You may find yourself working with a film crew of one — namely you. Here, YouTuber Matti Haapoja offers eight tips for shooting B-roll when you’re flying solo. Tip one: You don’t need to hold the camera all the time.


6. Tips for Getting Great Action Shots

In this video from Indy Mogul, Devin Graham, an action and extreme sports videographer based in Utah, offers useful tips for how to shoot action sequences. Don’t be afraid to get up close and use a wide-angle lens.


7. Shoot Inside Waves with a GoPro

Here, former pro surfer-turned-videographer Brett Barley shows how he gets incredible footage from deep within the heaving beauty of waves. He explains everything from camera settings on his GoPro Hero 7 to … breathing techniques. Also, remember: saliva is your friend.


8. Find Success in Commercial Product Cinematography

Think shooting from inside a wave is hard? Try lighting a beer bottle! In this Aputure video, cinematographer Brent Barbano talks about how to light products for amazing footage.


9. What Beginning Filmmakers Need to Know … and What Gear They Need to Have

If you’re a beginning filmmaker, you will make filmmaking mistakes. Good! That’s how you learn. But you might save yourself some agony by watching the video above from Simon Cade of DSLRguide, who runs through common beginner mistakes … such as failing to prepare for a shoot.

Meanwhile, the video below, from Indy Mogul, runs through the gear that you will absolutely need.

Your kit doesn’t need to be elaborate, but you will need a tripod, a color chart, a key light, an accent light, a shotgun mic, an audio recorder and some other items — such as a camera.


10. Paul Schrader on How to Make Your Words Turn into Images

How do you turn the ideas in your head into images?
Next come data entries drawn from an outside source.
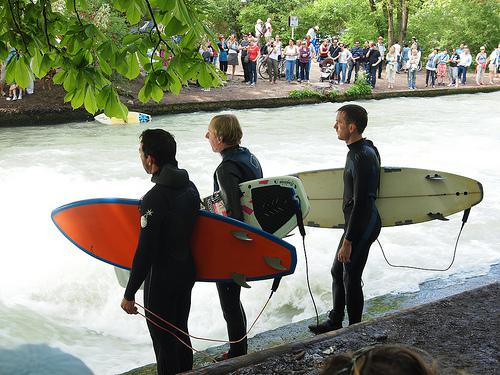Question: what is orange?
Choices:
A. A surfboard.
B. The bathing suit.
C. A towel.
D. An umbrella.
Answer with the letter. Answer: A Question: where are the surfers standing?
Choices:
A. In the water.
B. In the grass.
C. At the edge of the water.
D. On the sand.
Answer with the letter. Answer: C Question: what is hanging over the surfer's heads?
Choices:
A. Nothing.
B. Leaves and branches.
C. Souvenirs.
D. Surfboards.
Answer with the letter. Answer: B Question: how many surfers are visible?
Choices:
A. One.
B. Three.
C. Two.
D. None.
Answer with the letter. Answer: B Question: why are we looking at the back of the surfers?
Choices:
A. The surfers are running into the water.
B. Because that is the perspective of the photographer.
C. The surfers don't want their picture taken.
D. The see the design on the back of their wetsuits.
Answer with the letter. Answer: B 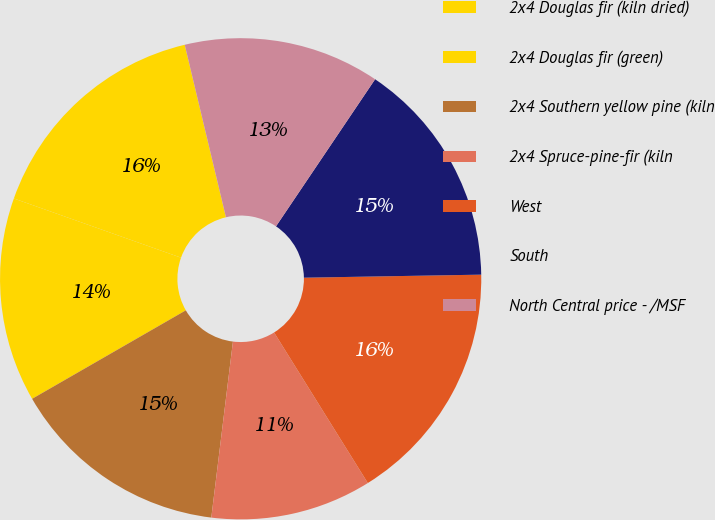<chart> <loc_0><loc_0><loc_500><loc_500><pie_chart><fcel>2x4 Douglas fir (kiln dried)<fcel>2x4 Douglas fir (green)<fcel>2x4 Southern yellow pine (kiln<fcel>2x4 Spruce-pine-fir (kiln<fcel>West<fcel>South<fcel>North Central price - /MSF<nl><fcel>15.85%<fcel>13.73%<fcel>14.74%<fcel>10.81%<fcel>16.41%<fcel>15.29%<fcel>13.17%<nl></chart>

Paul Schrader, famed director and screenwriter, knows something about that. In this video from the BAFTA Guru series, Schrader offers some valuable screenwriting tips. When you're typing don't worry about how flowery you can make your ideas sound — no one really cares about that, adds NoFilmSchool. Instead, worry about how you can communicate the ideas on the page visually and simply.